One of the most important roles of a Provost is to determine how faculty lines are allocated to the colleges and departments. At Radford, in partnership with my deans, I developed a risk and growth rate based model that is based on key metrics from each department to determine allocation of new lines and shifting of lines from declining or phased out programs. At FHSU, the deans and I developed a process for new program planning and prioritization. It is based on Dept. of Labor projections for employment, salary trends, projected enrollments and graduates, existing and needed expertise within the faculty, success of the program at peer institutions and a number of other factors. Each dean presents and defends each new program proposal to the other deans who then rank the program. These rankings then determine the implementation priority.

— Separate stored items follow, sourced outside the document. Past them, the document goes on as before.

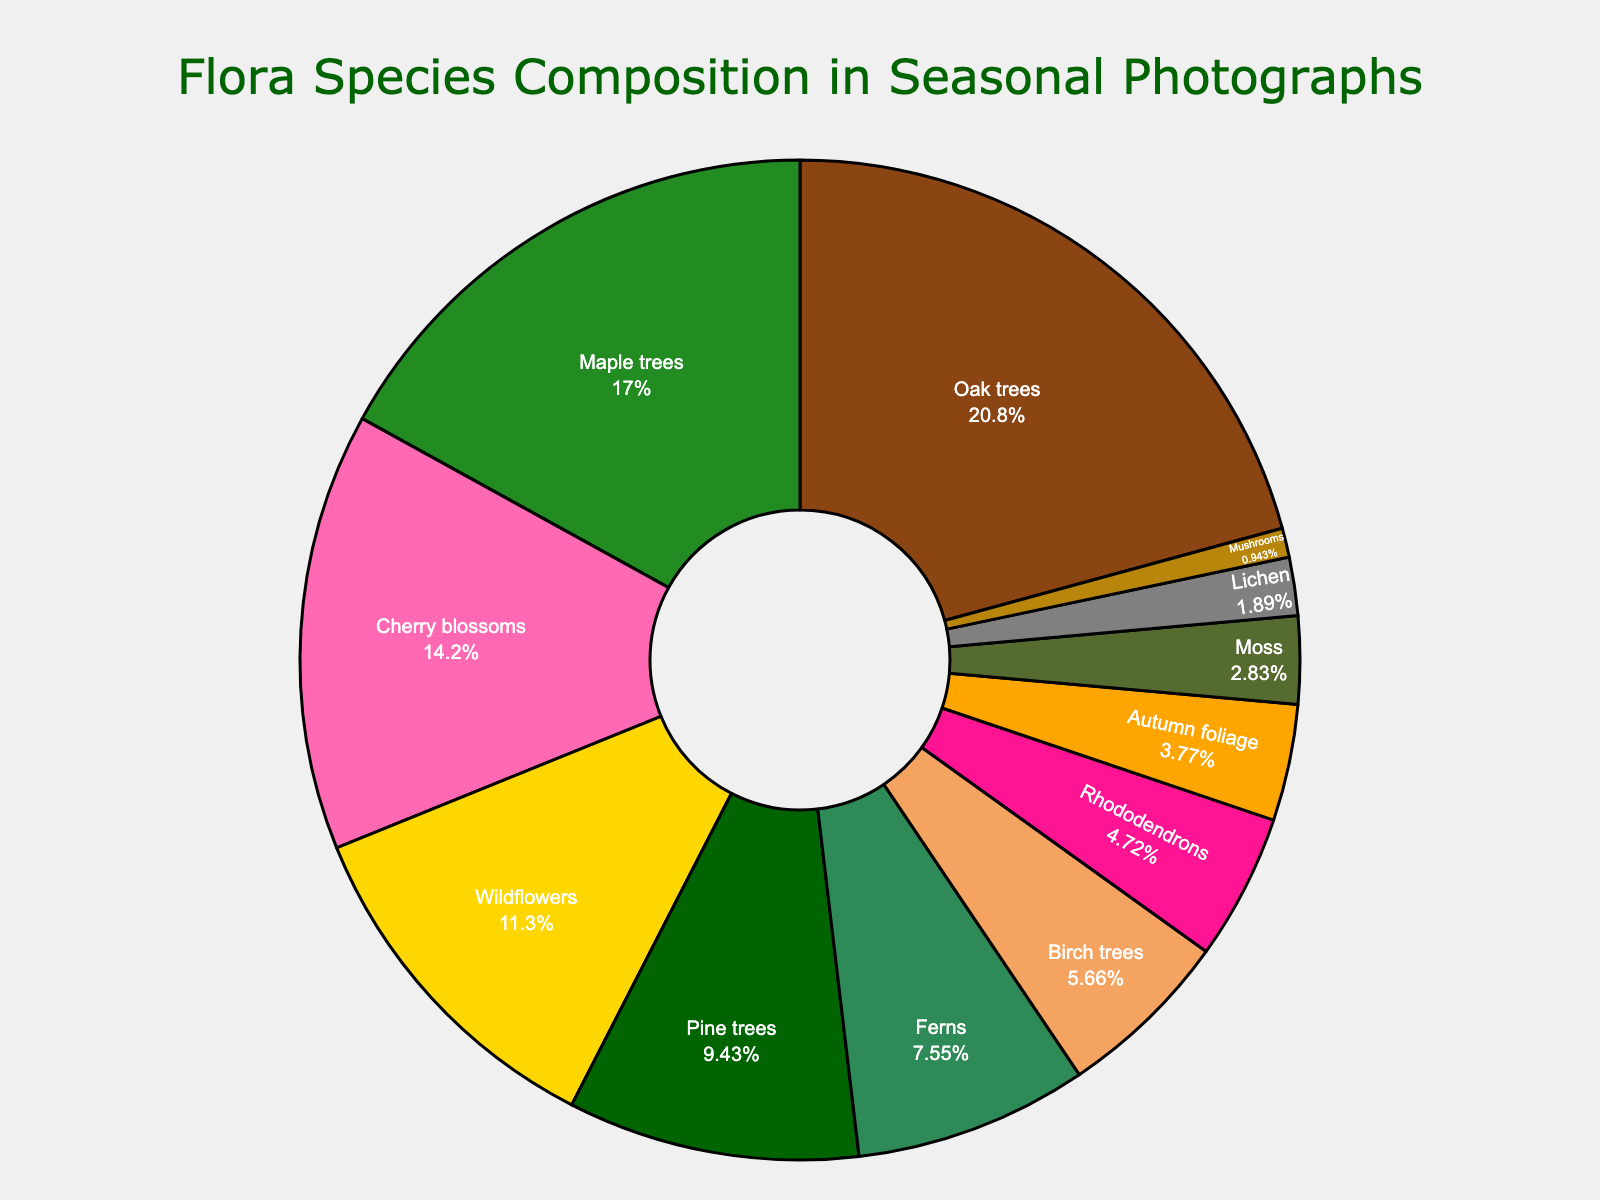What species has the highest percentage in the pie chart? The largest segment in the pie chart is for Oak trees.
Answer: Oak trees How much higher is the percentage of Oak trees compared to Pine trees? Oak trees have 22% and Pine trees have 10%. The difference is 22% - 10% = 12%.
Answer: 12% What is the sum of the percentages for Wildflowers, Ferns, and Moss? Wildflowers have 12%, Ferns have 8%, and Moss has 3%. Their sum is 12% + 8% + 3% = 23%.
Answer: 23% What species has the smallest representation in the photographs? The smallest segment in the pie chart is for Mushrooms with 1%.
Answer: Mushrooms Are there more Cherry blossoms or Maple trees captured in the photographs? Maple trees have a smaller percentage at 18% compared to Cherry blossoms which have 15%.
Answer: Maple trees Which species has a visual segment colored in bright pink in the pie chart? The bright pink colored segment represents Cherry blossoms.
Answer: Cherry blossoms How does the percentage of Birch trees compare to the sum of Rhododendrons and Lichen? Birch trees have 6%, while Rhododendrons have 5% and Lichen has 2%. Sum of Rhododendrons and Lichen is 5% + 2% = 7%, which is more than 6%.
Answer: Less than What’s the average percentage of Oak trees, Maple trees, and Pine trees? Oak trees have 22%, Maple trees have 18%, and Pine trees have 10%. Their sum is 22% + 18% + 10% = 50%. The average is 50% / 3 = 16.67%.
Answer: 16.67% Is the percentage of Autumn Foliage higher than the percentage of Ferns? Autumn foliage has 4%, while Ferns have 8%. 4% is less than 8%.
Answer: No In terms of visual representation, which species is depicted by the green colored segment in the pie chart? The green-colored segment corresponds to Maples trees, which are often represented by green.
Answer: Maple trees 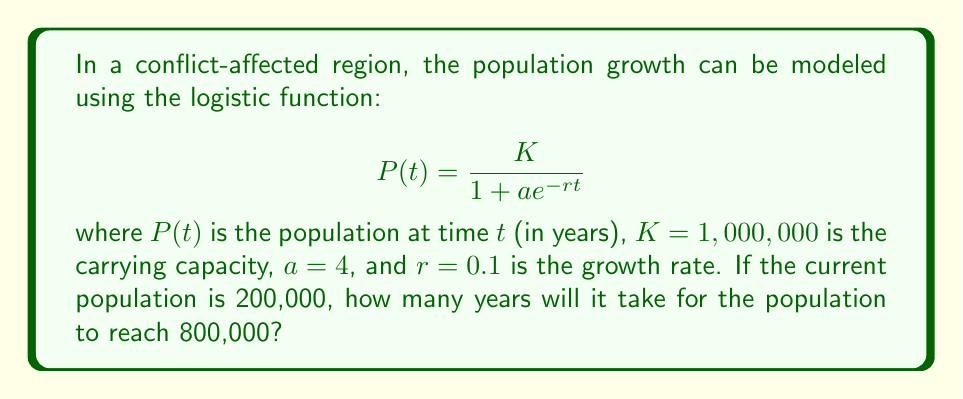Help me with this question. To solve this problem, we need to follow these steps:

1) We're given the logistic function: $$P(t) = \frac{K}{1 + ae^{-rt}}$$

2) We know that $K = 1,000,000$, $a = 4$, and $r = 0.1$. We need to find $t$ when $P(t) = 800,000$.

3) Let's substitute these values into the equation:

   $$800,000 = \frac{1,000,000}{1 + 4e^{-0.1t}}$$

4) Now, let's solve for $t$:

   $$\frac{800,000}{1,000,000} = \frac{1}{1 + 4e^{-0.1t}}$$

   $$0.8 = \frac{1}{1 + 4e^{-0.1t}}$$

5) Take the reciprocal of both sides:

   $$\frac{1}{0.8} = 1 + 4e^{-0.1t}$$

   $$1.25 = 1 + 4e^{-0.1t}$$

6) Subtract 1 from both sides:

   $$0.25 = 4e^{-0.1t}$$

7) Divide both sides by 4:

   $$0.0625 = e^{-0.1t}$$

8) Take the natural log of both sides:

   $$\ln(0.0625) = -0.1t$$

9) Solve for $t$:

   $$t = \frac{-\ln(0.0625)}{0.1} \approx 27.63$$

Therefore, it will take approximately 27.63 years for the population to reach 800,000.
Answer: 27.63 years 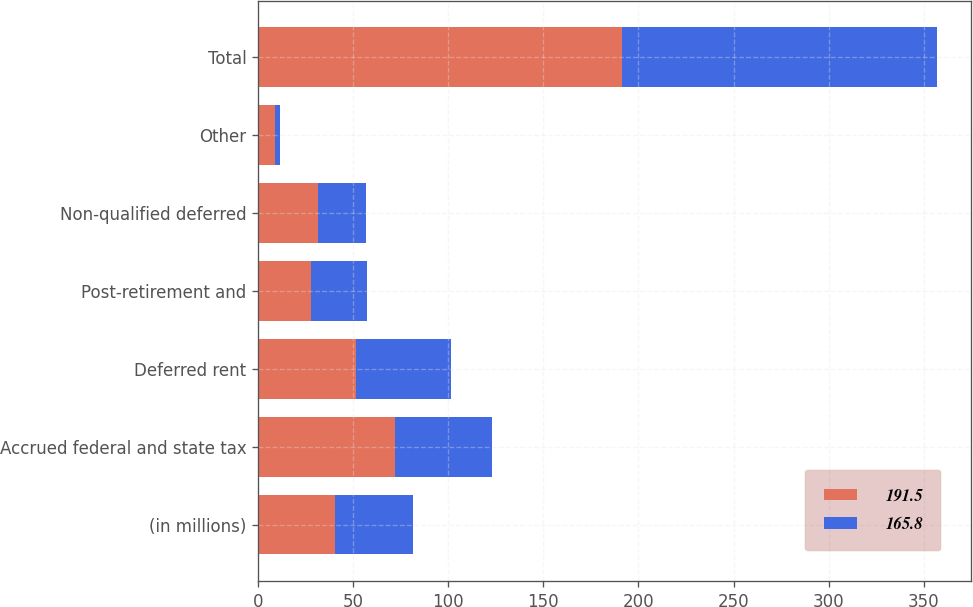Convert chart to OTSL. <chart><loc_0><loc_0><loc_500><loc_500><stacked_bar_chart><ecel><fcel>(in millions)<fcel>Accrued federal and state tax<fcel>Deferred rent<fcel>Post-retirement and<fcel>Non-qualified deferred<fcel>Other<fcel>Total<nl><fcel>191.5<fcel>40.6<fcel>71.9<fcel>51.6<fcel>27.7<fcel>31.3<fcel>9<fcel>191.5<nl><fcel>165.8<fcel>40.6<fcel>51.3<fcel>49.9<fcel>29.5<fcel>25.6<fcel>2.5<fcel>165.8<nl></chart> 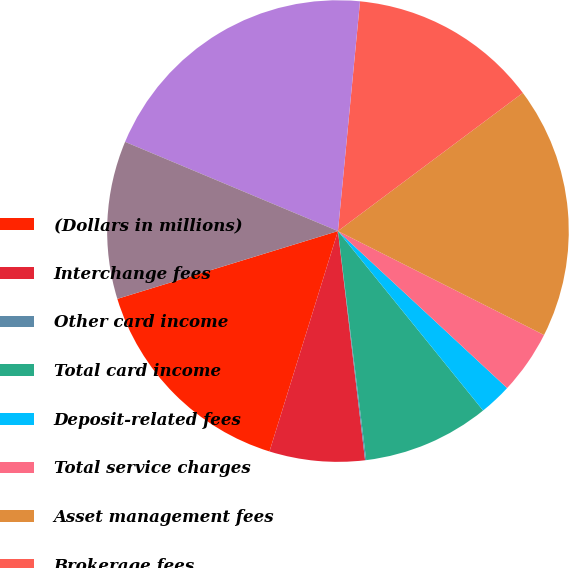<chart> <loc_0><loc_0><loc_500><loc_500><pie_chart><fcel>(Dollars in millions)<fcel>Interchange fees<fcel>Other card income<fcel>Total card income<fcel>Deposit-related fees<fcel>Total service charges<fcel>Asset management fees<fcel>Brokerage fees<fcel>Total investment and brokerage<fcel>Other income<nl><fcel>15.46%<fcel>6.67%<fcel>0.08%<fcel>8.87%<fcel>2.27%<fcel>4.47%<fcel>17.65%<fcel>13.26%<fcel>20.21%<fcel>11.06%<nl></chart> 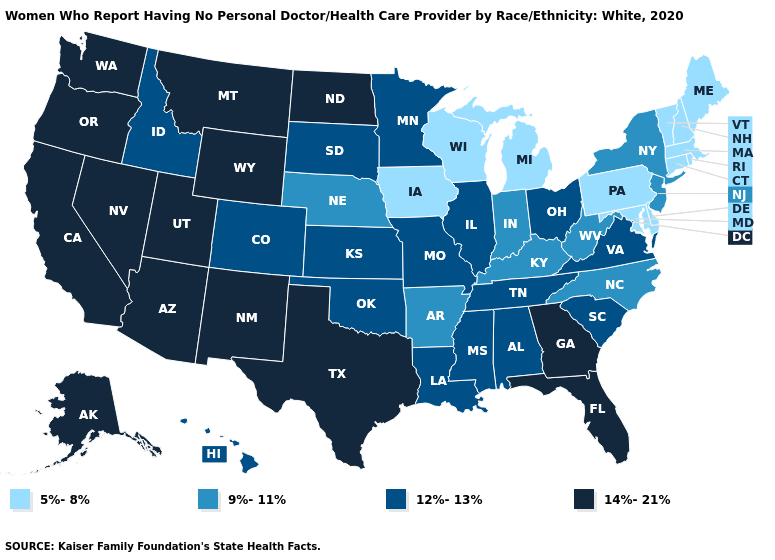Name the states that have a value in the range 5%-8%?
Quick response, please. Connecticut, Delaware, Iowa, Maine, Maryland, Massachusetts, Michigan, New Hampshire, Pennsylvania, Rhode Island, Vermont, Wisconsin. What is the lowest value in the MidWest?
Be succinct. 5%-8%. Does Oklahoma have the same value as Vermont?
Write a very short answer. No. Name the states that have a value in the range 14%-21%?
Be succinct. Alaska, Arizona, California, Florida, Georgia, Montana, Nevada, New Mexico, North Dakota, Oregon, Texas, Utah, Washington, Wyoming. Does Pennsylvania have the highest value in the USA?
Be succinct. No. Which states have the highest value in the USA?
Answer briefly. Alaska, Arizona, California, Florida, Georgia, Montana, Nevada, New Mexico, North Dakota, Oregon, Texas, Utah, Washington, Wyoming. Name the states that have a value in the range 12%-13%?
Short answer required. Alabama, Colorado, Hawaii, Idaho, Illinois, Kansas, Louisiana, Minnesota, Mississippi, Missouri, Ohio, Oklahoma, South Carolina, South Dakota, Tennessee, Virginia. What is the lowest value in the USA?
Keep it brief. 5%-8%. What is the value of New Jersey?
Write a very short answer. 9%-11%. Name the states that have a value in the range 14%-21%?
Answer briefly. Alaska, Arizona, California, Florida, Georgia, Montana, Nevada, New Mexico, North Dakota, Oregon, Texas, Utah, Washington, Wyoming. What is the value of Iowa?
Give a very brief answer. 5%-8%. Which states have the lowest value in the Northeast?
Write a very short answer. Connecticut, Maine, Massachusetts, New Hampshire, Pennsylvania, Rhode Island, Vermont. Does Arizona have the highest value in the West?
Write a very short answer. Yes. What is the value of California?
Be succinct. 14%-21%. What is the highest value in states that border Maine?
Be succinct. 5%-8%. 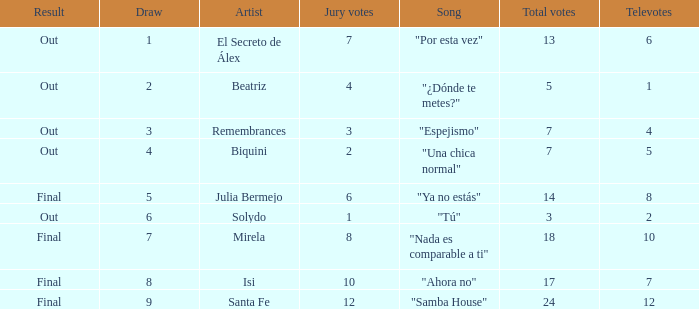Name the number of song for julia bermejo 1.0.

As the Middle States Liaison for Mercy I was responsible for the institutional re-accreditation process. This was an enormous collaborative cross-institutional project involving hundreds of participants. It involved assembling self-study committees composed of faculty and staff across the institution and guiding their process, managing multiple focus groups for students and adjunct faculty, and building understanding of the accreditation process across the institution with briefings at major college events. I managed the overall process including the agenda and scheduling of the executive and steering committees and coordination of the self-study writing team.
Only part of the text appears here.